After a four-month delay, testing of the Nangwarry-1 gas well will get underway next week to determine the its commercial viability.

Key points:

  • Lakes Oil says it could be supply gas from the well in two years if the tests yield positive results
  • The CO2 could be used to make dry ice, which is required for the transportation of COVID-19 vaccines
  • The pandemic has delayed testing at Nangwarry, but the company commenced drilling earlier this year

Lakes Oil drilled more than four kilometres at the site, about 30 kilometres north of Mount Gambier, in January, after flow rate and volume tests scheduled for November last year were postponed.

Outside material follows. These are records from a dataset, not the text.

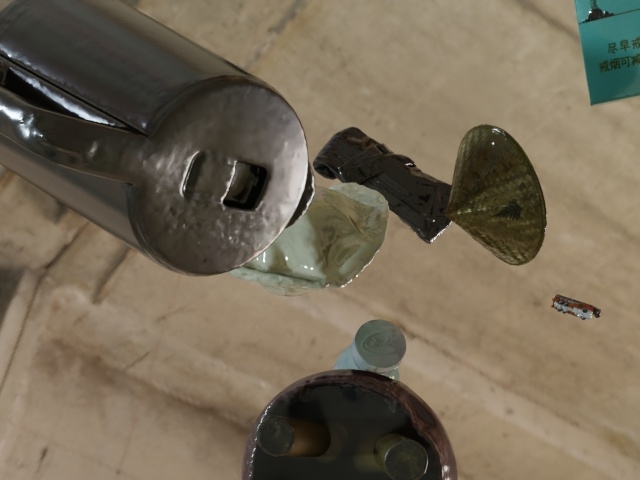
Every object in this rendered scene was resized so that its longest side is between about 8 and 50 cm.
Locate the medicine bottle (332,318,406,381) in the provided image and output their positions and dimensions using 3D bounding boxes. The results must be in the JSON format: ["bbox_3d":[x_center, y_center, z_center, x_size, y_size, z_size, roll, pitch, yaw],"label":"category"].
[{"bbox_3d":[0.061,0.180,1.553,0.090,0.216,0.090,4,-119,-7],"label":"medicine bottle"}]

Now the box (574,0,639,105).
[{"bbox_3d":[0.327,-0.259,1.146,0.041,0.162,0.229,-13,-87,-53],"label":"box"}]

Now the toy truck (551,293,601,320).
[{"bbox_3d":[0.439,0.116,2.010,0.083,0.024,0.032,19,-142,25],"label":"toy truck"}]

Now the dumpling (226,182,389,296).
[{"bbox_3d":[0.000,0.000,1.532,0.252,0.179,0.131,-31,-58,-36],"label":"dumpling"}]

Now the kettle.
[{"bbox_3d":[-0.182,-0.119,1.042,0.308,0.203,0.262,31,166,46],"label":"kettle"}]

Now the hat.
[{"bbox_3d":[0.148,-0.035,1.138,0.067,0.146,0.146,-19,-110,-22],"label":"hat"}]

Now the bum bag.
[{"bbox_3d":[0.111,-0.095,1.926,0.248,0.060,0.123,38,-125,8],"label":"bum bag"}]

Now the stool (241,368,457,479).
[{"bbox_3d":[0.024,0.298,1.384,0.272,0.272,0.178,50,-170,3],"label":"stool"}]
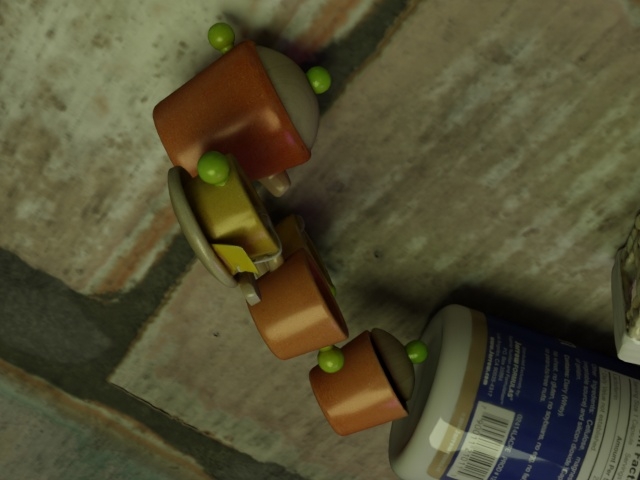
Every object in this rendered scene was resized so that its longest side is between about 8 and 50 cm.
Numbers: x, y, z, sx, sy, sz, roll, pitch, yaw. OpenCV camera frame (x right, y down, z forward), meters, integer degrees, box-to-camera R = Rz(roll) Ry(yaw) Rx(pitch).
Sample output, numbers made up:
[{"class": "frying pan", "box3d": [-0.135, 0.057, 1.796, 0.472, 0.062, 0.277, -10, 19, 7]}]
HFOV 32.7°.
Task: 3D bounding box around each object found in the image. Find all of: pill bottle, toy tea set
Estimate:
[{"class": "pill bottle", "box3d": [0.202, 0.163, 0.906, 0.264, 0.153, 0.153, 19, 132, -4]}, {"class": "toy tea set", "box3d": [0.000, 0.000, 0.805, 0.124, 0.200, 0.336, -27, 136, 5]}]

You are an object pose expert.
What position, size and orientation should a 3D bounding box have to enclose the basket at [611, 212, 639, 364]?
[{"class": "basket", "box3d": [0.307, 0.030, 0.793, 0.167, 0.113, 0.103, 10, 130, 5]}]
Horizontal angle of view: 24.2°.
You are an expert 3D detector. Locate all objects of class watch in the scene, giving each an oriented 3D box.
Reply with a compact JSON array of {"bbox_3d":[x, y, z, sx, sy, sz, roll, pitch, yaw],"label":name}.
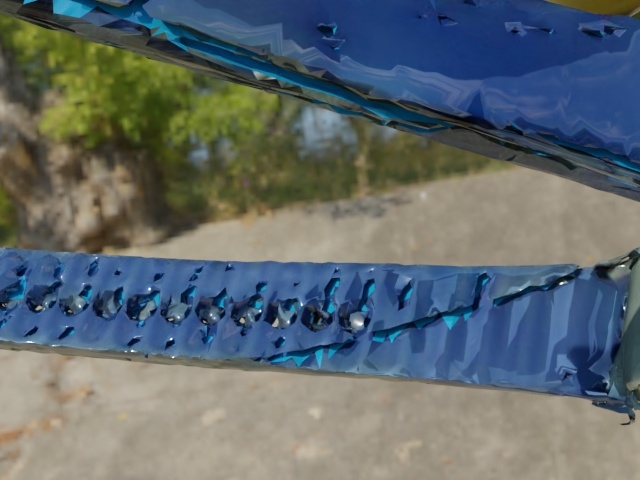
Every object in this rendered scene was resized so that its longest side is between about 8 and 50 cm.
[{"bbox_3d":[0.004,0.006,0.463,0.275,0.068,0.276,12,-24,-8],"label":"watch"}]

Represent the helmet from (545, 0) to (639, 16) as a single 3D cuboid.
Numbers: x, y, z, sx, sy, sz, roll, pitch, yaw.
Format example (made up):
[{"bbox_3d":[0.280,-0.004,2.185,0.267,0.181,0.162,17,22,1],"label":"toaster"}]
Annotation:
[{"bbox_3d":[0.063,-0.180,0.340,0.205,0.257,0.140,10,4,-7],"label":"helmet"}]
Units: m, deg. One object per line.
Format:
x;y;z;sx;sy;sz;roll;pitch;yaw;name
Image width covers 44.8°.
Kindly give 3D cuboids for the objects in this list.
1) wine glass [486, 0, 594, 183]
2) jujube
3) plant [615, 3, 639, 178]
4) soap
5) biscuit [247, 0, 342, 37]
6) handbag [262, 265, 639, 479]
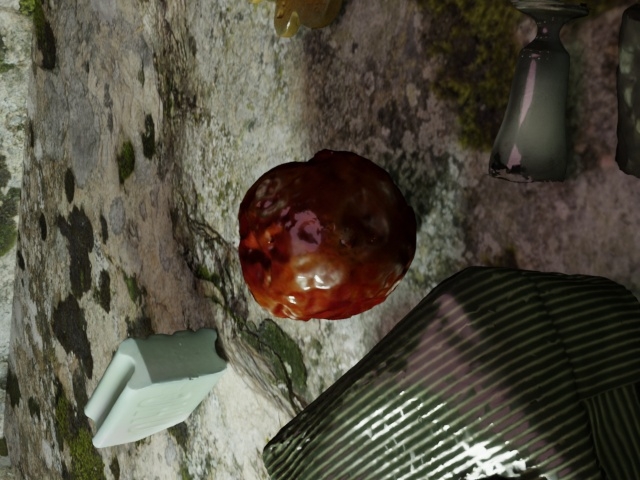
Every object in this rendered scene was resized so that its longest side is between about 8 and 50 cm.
0.190;-0.130;0.683;0.072;0.072;0.155;23;112;54;wine glass
0.000;0.000;0.888;0.290;0.197;0.197;149;113;-70;jujube
0.276;-0.163;0.484;0.147;0.149;0.274;12;107;40;plant
-0.298;0.265;1.377;0.289;0.173;0.095;-51;53;46;soap
-0.037;-0.352;1.043;0.234;0.030;0.153;45;130;45;biscuit
0.138;0.197;0.628;0.340;0.247;0.240;-48;54;32;handbag
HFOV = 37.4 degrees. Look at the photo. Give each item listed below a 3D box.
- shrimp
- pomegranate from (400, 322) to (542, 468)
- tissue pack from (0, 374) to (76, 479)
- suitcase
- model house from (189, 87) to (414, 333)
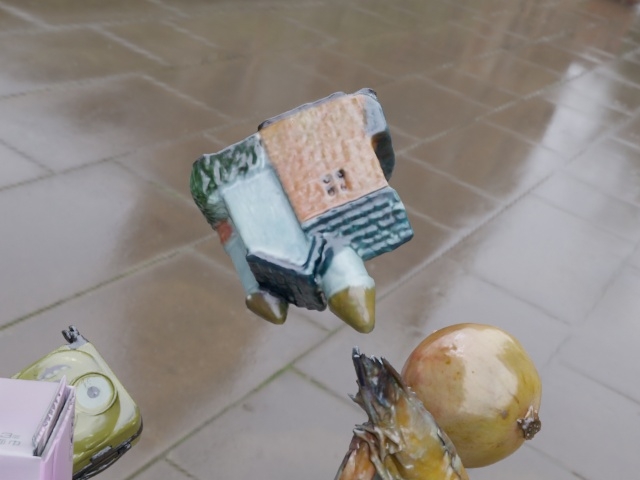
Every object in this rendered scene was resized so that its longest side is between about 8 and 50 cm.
[{"bbox_3d":[0.072,0.253,1.067,0.164,0.316,0.062,-26,26,-5],"label":"shrimp"},{"bbox_3d":[0.192,0.199,1.220,0.191,0.191,0.191,15,25,-7],"label":"pomegranate"},{"bbox_3d":[-0.262,0.145,0.504,0.246,0.148,0.092,6,16,-5],"label":"tissue pack"},{"bbox_3d":[-0.424,0.281,1.581,0.194,0.143,0.235,-32,67,-26],"label":"suitcase"},{"bbox_3d":[0.000,0.000,1.122,0.253,0.184,0.291,-21,58,-2],"label":"model house"}]
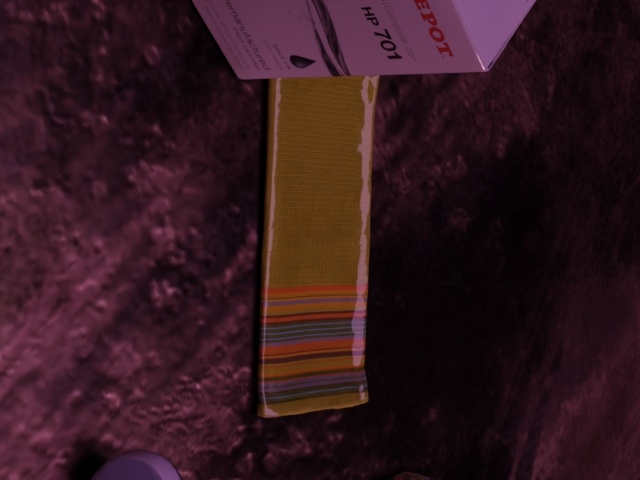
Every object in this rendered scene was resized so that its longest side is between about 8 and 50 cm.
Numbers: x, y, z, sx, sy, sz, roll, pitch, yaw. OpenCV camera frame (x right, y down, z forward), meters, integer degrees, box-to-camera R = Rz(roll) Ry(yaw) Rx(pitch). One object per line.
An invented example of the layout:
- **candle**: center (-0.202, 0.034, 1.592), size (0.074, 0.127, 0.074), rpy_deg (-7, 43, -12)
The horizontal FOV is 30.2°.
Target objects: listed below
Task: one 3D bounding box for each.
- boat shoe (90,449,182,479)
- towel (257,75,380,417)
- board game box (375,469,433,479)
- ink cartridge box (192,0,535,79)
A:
- **boat shoe**: center (-0.091, 0.228, 0.700), size (0.076, 0.080, 0.228), rpy_deg (-19, 107, -63)
- **towel**: center (0.000, 0.000, 0.805), size (0.102, 0.021, 0.237), rpy_deg (-3, 97, -48)
- **board game box**: center (0.028, 0.310, 0.872), size (0.136, 0.030, 0.259), rpy_deg (-6, 100, -49)
- **ink cartridge box**: center (0.009, -0.168, 0.666), size (0.082, 0.191, 0.139), rpy_deg (-54, 130, -28)

Chief operating officer Tim O’Brien said 20 workers and the equipment had arrived on site for three weeks of testing.

“The plan is to aim for up to 150 tonnes a day,” he said.

“To meet that we only need a gas flow of about three million cubic feet a day, which the other wells that Beach Energy has drilled here have done sort of 10 or more times that easily.

“To make it a 15-year minimum sort of development, we’d need about 15 billion cubic feet of gas to be able to be recoverable.

“Our modelling following the drilling has indicated we’ve got about twice that there, but we won’t know how well connected we are to all of that until we’ve actually done the testing.”

Chief operating officer Tim O’Brien made it over from Melbourne for the three weeks of testing.(

Supplied: Tim O’Brien

)

Growing demand

Mr O’Brien said the well could help fill the gap in demand following the closure of the nearby Caroline well several years ago.

“We’ve seen that there is actually a large demand and need for CO2 since the Caroline well shut down,” he said.

“That’s certainly increased now with the vaccine rollout, which obviously requires a lot of dry ice – which is made from CO2 – to help transport and preserve the vaccine.

After drilling the Nangwarry-1 well in January 2020, Lakes Oil says it could be supplying gas in 2023.(

Supplied: Tim O’Brien

)

Mr O’Brien said if the testing went to plan the well could be supplying gas commercially in about two years.

“The good thing with CO2 is we can build a plant on site and it doesn’t actually need a lot of infrastructure,” he said.

“You don’t have to build pipelines or anything — it’s really just a purification plant to get [the gas] up to food-grade quality.

“We pump it into the tanks, the trucks come along and collect it and take it anywhere between Adelaide and Melbourne basically, so it’s going to be filling in the gap for Victoria for South Australia supplies.”